[RECORDS SHOWN Boundary: Start]

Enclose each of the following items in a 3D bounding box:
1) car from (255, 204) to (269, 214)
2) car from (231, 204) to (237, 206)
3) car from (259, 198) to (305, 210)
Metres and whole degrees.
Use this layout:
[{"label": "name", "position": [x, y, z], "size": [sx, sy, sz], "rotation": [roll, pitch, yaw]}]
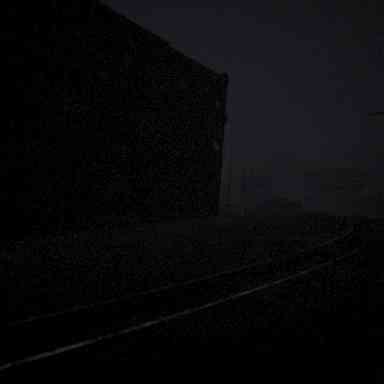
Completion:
[{"label": "car", "position": [12.732, 3.129, 60.153], "size": [2.002, 1.452, 4.674], "rotation": [1, -5, 18]}, {"label": "car", "position": [7.994, 3.137, 63.652], "size": [1.946, 1.575, 5.366], "rotation": [2, -5, 18]}, {"label": "car", "position": [11.053, 1.487, 40.059], "size": [4.902, 1.511, 2.128], "rotation": [0, -5, 38]}]
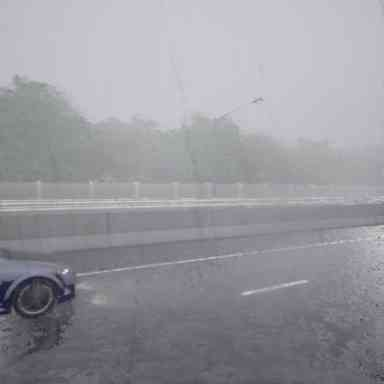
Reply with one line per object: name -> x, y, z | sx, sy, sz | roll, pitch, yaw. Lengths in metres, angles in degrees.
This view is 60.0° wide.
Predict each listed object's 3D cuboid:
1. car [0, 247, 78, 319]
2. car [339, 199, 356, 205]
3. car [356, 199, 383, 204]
car -> -4.285, 1.518, 5.966 | 4.181, 1.385, 1.994 | 0, 0, -31
car -> 17.591, 1.444, 35.803 | 4.181, 1.385, 1.994 | 0, 0, -31
car -> 18.801, 1.450, 32.445 | 5.357, 1.411, 2.033 | 0, 0, -31

[RECORDS SHOWN Boundary: End]

INSTRUCTIONS TO FOLLOW: Exactly as written above, print every line of the data but not its pictures.

EXPECTED ANSWER:
Enclose each of the following items in a 3D bounding box:
1) car from (255, 204) to (269, 214)
2) car from (231, 204) to (237, 206)
3) car from (259, 198) to (305, 210)
Metres and whole degrees.
Use this layout:
[{"label": "name", "position": [x, y, z], "size": [sx, sy, sz], "rotation": [roll, pitch, yaw]}]
Completion:
[{"label": "car", "position": [12.732, 3.129, 60.153], "size": [2.002, 1.452, 4.674], "rotation": [1, -5, 18]}, {"label": "car", "position": [7.994, 3.137, 63.652], "size": [1.946, 1.575, 5.366], "rotation": [2, -5, 18]}, {"label": "car", "position": [11.053, 1.487, 40.059], "size": [4.902, 1.511, 2.128], "rotation": [0, -5, 38]}]
Reply with one line per object: name -> x, y, z | sx, sy, sz | roll, pitch, yaw. Lengths in metres, angles in degrees.
This view is 60.0° wide.
Predict each listed object's 3D cuboid:
1. car [0, 247, 78, 319]
2. car [339, 199, 356, 205]
3. car [356, 199, 383, 204]
car -> -4.285, 1.518, 5.966 | 4.181, 1.385, 1.994 | 0, 0, -31
car -> 17.591, 1.444, 35.803 | 4.181, 1.385, 1.994 | 0, 0, -31
car -> 18.801, 1.450, 32.445 | 5.357, 1.411, 2.033 | 0, 0, -31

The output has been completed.